WINNIPEG — At age 94, Abe Corrin can still thread a needle and ride a bicycle. His 92-year-old wife, Betty, still drives a car.
On Feb. 27, the Winnipeg couple celebrated their 70th wedding anniversary with family and friends at a party at the Gwen Secter Creative Living Centre.
In an interview at their north Winnipeg apartment, Betty Corrin was happy to bring out letters of congratulations from the Governor General and the Queen, the prime minister, the lieutenant-governor of Manitoba, the provincial minister responsible for seniors issues and Winnipeg Mayor Sam Katz.
“I married the girl next door,’ Abe Corrin says.
The couple grew up kitty corner to each other in the north end of Winnipeg and met in 1936 through mutual friends.
Gertrude (Betty) Barlin’s parents, Samuel Israel and Freda Barlin, were married in London, England, before settling in Winnipeg. Betty grew up in a family of four brothers and three sisters. Only she and one brother, who lives in Toronto, are still alive.
Abe Corrin is the oldest of six brothers and a sister – born to Samuel and Leah Corrin. All the siblings are still alive.
Shortly after the couple’s only child, Doreen, was born in 1942, Abe shipped out with the Canadian armed forces. He served three years in Newfoundland and on patrol dodging U-boats in the North Atlantic.
Abe is a tailor by trade. For 30 years, he worked with his father in Corrin and Sons Cloak Manufacturing.
“My father was a tailor,” he recalls. “He taught all of us boys to sew, and we all worked in the factory. At one point, we employed about 100 people.”
During the war, he says, Corrin and Sons did a lot of work for the military.
After the war, the company sent a lot of coats to Poland and Russia on behalf of UNICEF.
Abe also worked for several other Winnipeg garment manufacturers, and he spent many years working out of his home on contract. He says he had three sewing machines in his basement.

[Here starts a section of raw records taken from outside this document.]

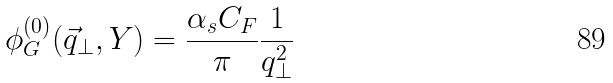<formula> <loc_0><loc_0><loc_500><loc_500>\phi ^ { ( 0 ) } _ { G } ( \vec { q } _ { \bot } , Y ) = \frac { \alpha _ { s } C _ { F } } { \pi } \frac { 1 } { q ^ { 2 } _ { \bot } }</formula> 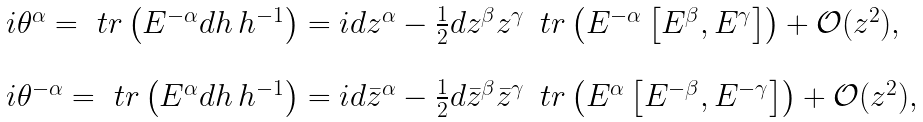<formula> <loc_0><loc_0><loc_500><loc_500>\begin{array} { l } i \theta ^ { \alpha } = \ t r \left ( E ^ { - \alpha } d h \, h ^ { - 1 } \right ) = i d z ^ { \alpha } - \frac { 1 } { 2 } d z ^ { \beta } z ^ { \gamma } \, \ t r \left ( E ^ { - \alpha } \left [ E ^ { \beta } , E ^ { \gamma } \right ] \right ) + \mathcal { O } ( z ^ { 2 } ) , \\ \\ i \theta ^ { - \alpha } = \ t r \left ( E ^ { \alpha } d h \, h ^ { - 1 } \right ) = i d \bar { z } ^ { \alpha } - \frac { 1 } { 2 } d \bar { z } ^ { \beta } \bar { z } ^ { \gamma } \, \ t r \left ( E ^ { \alpha } \left [ E ^ { - \beta } , E ^ { - \gamma } \right ] \right ) + \mathcal { O } ( z ^ { 2 } ) , \end{array}</formula> 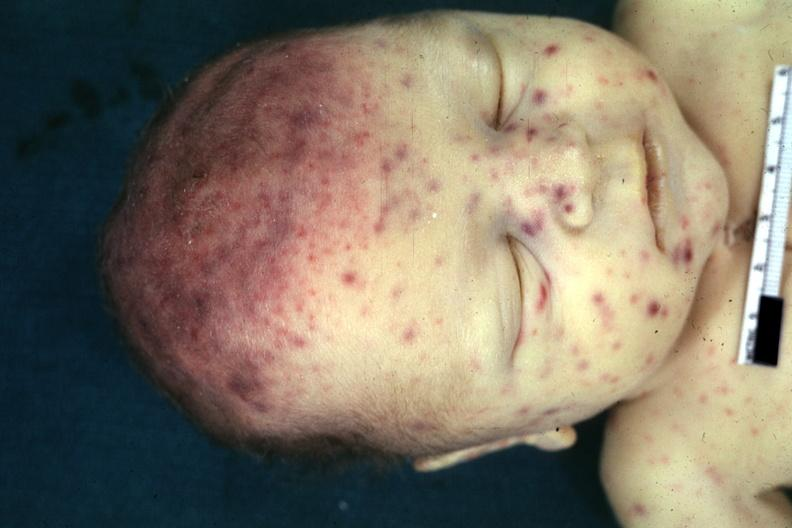how does this image show view of face?
Answer the question using a single word or phrase. With rash 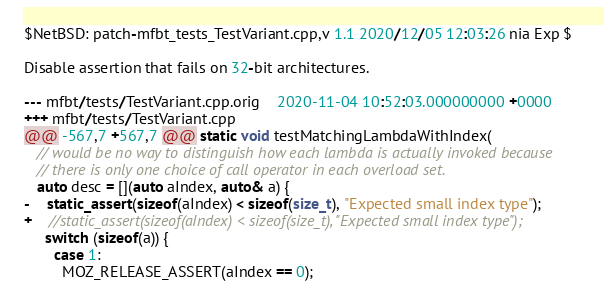<code> <loc_0><loc_0><loc_500><loc_500><_C++_>$NetBSD: patch-mfbt_tests_TestVariant.cpp,v 1.1 2020/12/05 12:03:26 nia Exp $

Disable assertion that fails on 32-bit architectures.

--- mfbt/tests/TestVariant.cpp.orig	2020-11-04 10:52:03.000000000 +0000
+++ mfbt/tests/TestVariant.cpp
@@ -567,7 +567,7 @@ static void testMatchingLambdaWithIndex(
   // would be no way to distinguish how each lambda is actually invoked because
   // there is only one choice of call operator in each overload set.
   auto desc = [](auto aIndex, auto& a) {
-    static_assert(sizeof(aIndex) < sizeof(size_t), "Expected small index type");
+    //static_assert(sizeof(aIndex) < sizeof(size_t), "Expected small index type");
     switch (sizeof(a)) {
       case 1:
         MOZ_RELEASE_ASSERT(aIndex == 0);
</code> 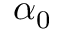Convert formula to latex. <formula><loc_0><loc_0><loc_500><loc_500>\alpha _ { 0 }</formula> 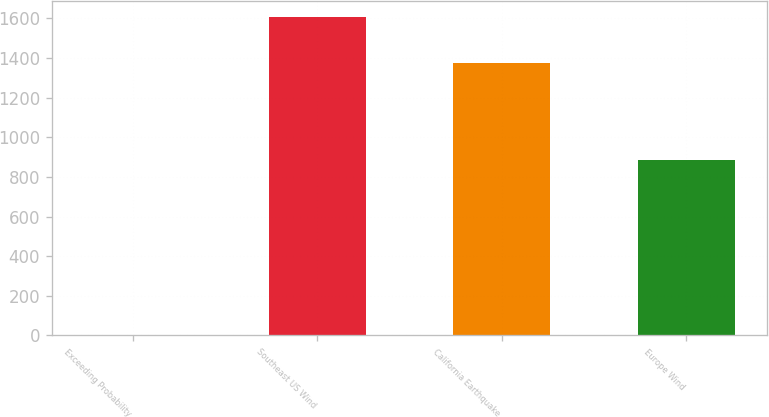<chart> <loc_0><loc_0><loc_500><loc_500><bar_chart><fcel>Exceeding Probability<fcel>Southeast US Wind<fcel>California Earthquake<fcel>Europe Wind<nl><fcel>0.4<fcel>1606<fcel>1377<fcel>883<nl></chart> 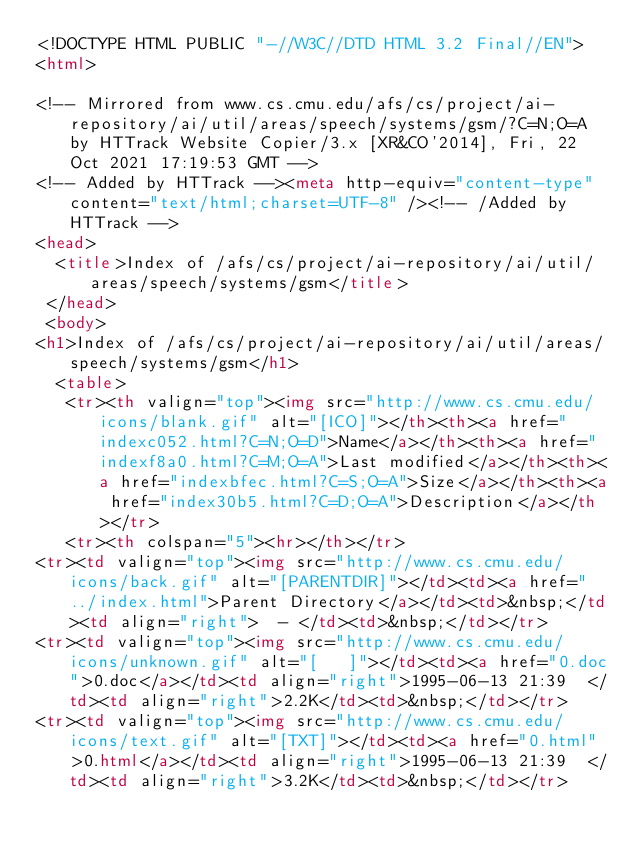<code> <loc_0><loc_0><loc_500><loc_500><_HTML_><!DOCTYPE HTML PUBLIC "-//W3C//DTD HTML 3.2 Final//EN">
<html>
 
<!-- Mirrored from www.cs.cmu.edu/afs/cs/project/ai-repository/ai/util/areas/speech/systems/gsm/?C=N;O=A by HTTrack Website Copier/3.x [XR&CO'2014], Fri, 22 Oct 2021 17:19:53 GMT -->
<!-- Added by HTTrack --><meta http-equiv="content-type" content="text/html;charset=UTF-8" /><!-- /Added by HTTrack -->
<head>
  <title>Index of /afs/cs/project/ai-repository/ai/util/areas/speech/systems/gsm</title>
 </head>
 <body>
<h1>Index of /afs/cs/project/ai-repository/ai/util/areas/speech/systems/gsm</h1>
  <table>
   <tr><th valign="top"><img src="http://www.cs.cmu.edu/icons/blank.gif" alt="[ICO]"></th><th><a href="indexc052.html?C=N;O=D">Name</a></th><th><a href="indexf8a0.html?C=M;O=A">Last modified</a></th><th><a href="indexbfec.html?C=S;O=A">Size</a></th><th><a href="index30b5.html?C=D;O=A">Description</a></th></tr>
   <tr><th colspan="5"><hr></th></tr>
<tr><td valign="top"><img src="http://www.cs.cmu.edu/icons/back.gif" alt="[PARENTDIR]"></td><td><a href="../index.html">Parent Directory</a></td><td>&nbsp;</td><td align="right">  - </td><td>&nbsp;</td></tr>
<tr><td valign="top"><img src="http://www.cs.cmu.edu/icons/unknown.gif" alt="[   ]"></td><td><a href="0.doc">0.doc</a></td><td align="right">1995-06-13 21:39  </td><td align="right">2.2K</td><td>&nbsp;</td></tr>
<tr><td valign="top"><img src="http://www.cs.cmu.edu/icons/text.gif" alt="[TXT]"></td><td><a href="0.html">0.html</a></td><td align="right">1995-06-13 21:39  </td><td align="right">3.2K</td><td>&nbsp;</td></tr></code> 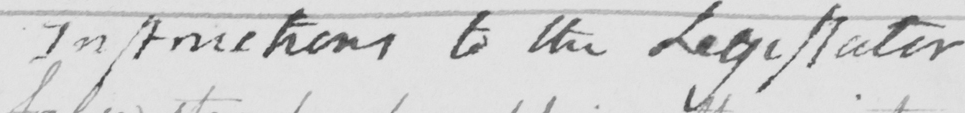What does this handwritten line say? Instructions to the Legislator 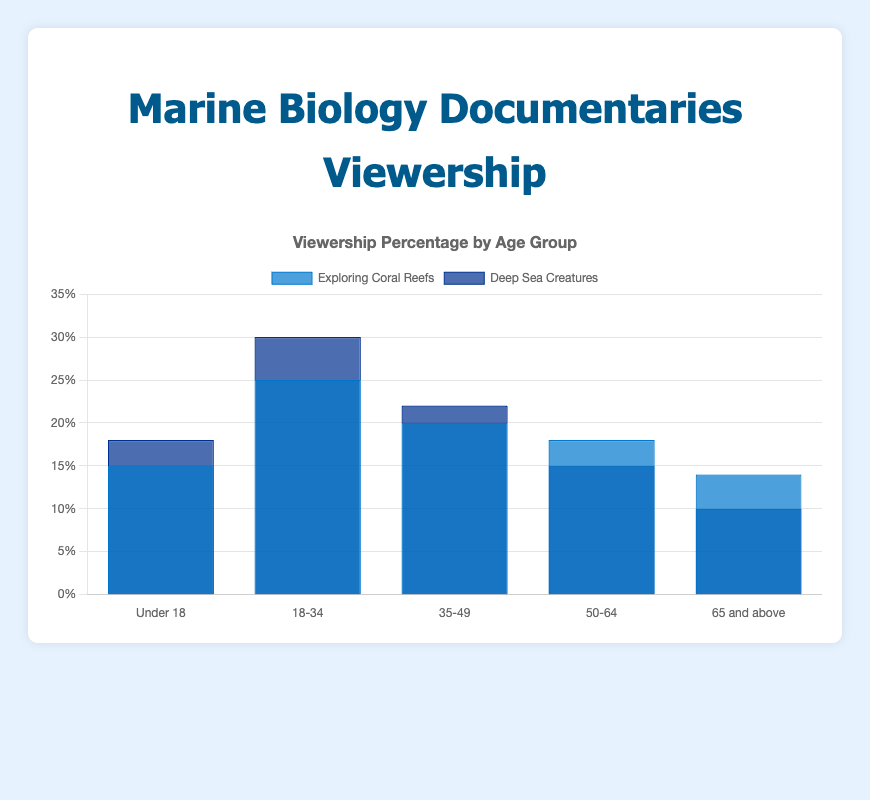What age group has the highest viewership for "Deep Sea Creatures"? By looking at the height of the bars for "Deep Sea Creatures" in each age group, the highest bar corresponds to the 18-34 age group with a viewership percentage of 30%.
Answer: 18-34 Which documentary has a higher viewership percentage for the age group 50-64? Compare the bars for both documentaries within the 50-64 age group. The bar for "Exploring Coral Reefs" is higher at 18% compared to 15% for "Deep Sea Creatures".
Answer: Exploring Coral Reefs What is the total viewership percentage for "Exploring Coral Reefs" across all age groups? Sum the viewership percentages for "Exploring Coral Reefs" across all age groups: 15 + 25 + 20 + 18 + 14 = 92%.
Answer: 92% In which age group is the viewership percentage for "Exploring Coral Reefs" lower than "Deep Sea Creatures"? Compare the bars for each age group. "Exploring Coral Reefs" has a lower viewership percentage than "Deep Sea Creatures" in the age groups Under 18 (15% vs 18%), 18-34 (25% vs 30%), 35-49 (20% vs 22%), and 65 and above (14% vs 10%).
Answer: Under 18, 18-34, 35-49, 65 and above By how much does the viewership percentage for "Deep Sea Creatures" in the 18-34 age group exceed that of the 65 and above age group? Subtract the viewership percentage of the 65 and above age group (10%) from that of the 18-34 age group (30%): 30% - 10% = 20%.
Answer: 20% Which documentary has a consistent viewership percentage across all age groups? Compare the viewership percentages for each documentary across all age groups. "Exploring Coral Reefs" has varying percentages: 15, 25, 20, 18, and 14. "Deep Sea Creatures" also has varying percentages: 18, 30, 22, 15, and 10. Neither of the documentaries has consistent viewership across all age groups.
Answer: Neither What is the difference in viewership percentage between the 18-34 and 35-49 age groups for "Deep Sea Creatures"? Subtract the viewership percentage of the 35-49 age group (22%) from that of the 18-34 age group (30%): 30% - 22% = 8%.
Answer: 8% Which age group has the lowest viewership percentage for "Exploring Coral Reefs"? By looking at the bars for "Exploring Coral Reefs", the lowest bar corresponds to the 65 and above age group with a viewership percentage of 14%.
Answer: 65 and above What is the average viewership percentage for "Deep Sea Creatures" across all age groups? Sum the viewership percentages for "Deep Sea Creatures" and divide by the number of age groups: (18 + 30 + 22 + 15 + 10) / 5 = 95 / 5 = 19%.
Answer: 19% Which documentary has a higher overall viewership percentage? Calculate the total viewership percentage for each documentary: "Exploring Coral Reefs" - 92%; "Deep Sea Creatures" - 95%. "Deep Sea Creatures" has a higher overall viewership percentage.
Answer: Deep Sea Creatures

At 94, he is still working part time as a tailor replacing zippers and repairing linings for private customers. He also creates his own designs. He sews parts of old ties onto his shirts.
Betty worked for 25 years in accounting for three different companies.
The couple lived in their own house until 2004, when they moved into their two-bedroom apartment.
One of the highlights of their week is Wednesdays at the Gwen Secter Creative Living Centre. “We enjoy the lunch, the bingo, and I especially love the dances at Gwen Secter,” Abe says.
Until recently, they travelled widely, with many trips to Hawaii, Palm Springs, Calif., and Florida.
“We used to have a wonderful group of friends we travelled with,” Betty said. “We were like a family.”
Abe added that “we have lived life to the fullest. We have always enjoyed ourselves.”
As well as their daughter, Doreen, and her husband, Abe and Betty have three grandchildren and one great-grandson, who was recently bar-mitzvahed.